The system is creating and deleting volumes at high frequency which are recorded in the catalog. CNS is continuously reading these records as catalog keeps adding records. CNS never reaches the processing stage of periodic sync. Hence, the stale volumes are not removed from CNS DB and keep increasing in numbers.

When the system has too many volumes in CNS DB and CSI calls QueryVolume, vsanvcmgmtd crashes as the SQL query used by QueryVolume has too many volume ids in the where clause.

Resolution

QueryVolumes causing vsanvcmgmtd to crash has been fixed in 9.0.

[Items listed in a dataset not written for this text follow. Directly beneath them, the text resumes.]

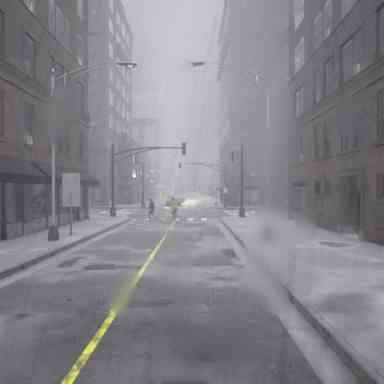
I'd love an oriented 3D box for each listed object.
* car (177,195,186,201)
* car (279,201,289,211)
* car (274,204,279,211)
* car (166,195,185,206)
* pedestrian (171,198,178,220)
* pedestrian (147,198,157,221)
[{"bbox_3d":[-2.347,1.373,77.105,1.812,1.442,4.674,0,0,0],"label":"car"},{"bbox_3d":[12.803,1.582,37.404,4.902,1.511,2.128,0,0,1],"label":"car"},{"bbox_3d":[11.998,1.647,39.993,4.206,1.307,1.802,1,0,1],"label":"car"},{"bbox_3d":[-2.703,1.272,51.035,2.097,1.767,4.553,0,0,2],"label":"car"},{"bbox_3d":[-1.372,1.269,25.910,0.375,1.860,0.375,0,0,0],"label":"pedestrian"},{"bbox_3d":[-3.100,1.270,25.324,0.375,1.860,0.375,0,0,0],"label":"pedestrian"}]

The workaround is to reduce workload on CNS by scaling csi controller to 0

Scale CSI controller deployment to 0.

kubectl -n vmware-system-csi scale deployment vsphere-csi-controller --replicas=0
Start vsan-health if it is stopped and wait for periodic sync in CNS to catch up reading all the records and remove the stale volumes from DB.

Starting vsan-health

vmon-cli --start vsan-health
The number of stale volumes can be monitored using below query

select count(volume_id) from cns.volume_info v where v.mark_for_delete=true;
Scale back CSI controller

kubectl -n vmware-system-csi scale deployment sphere-csi-controller --replicas=3

After the workaround, if the workload continues to be heavy then eventually the number of stale volumes in CNS DB will keep increasing and the same situation will arise. Its better to split the workload across datastores so that CNS can catch up reading the records from catalog.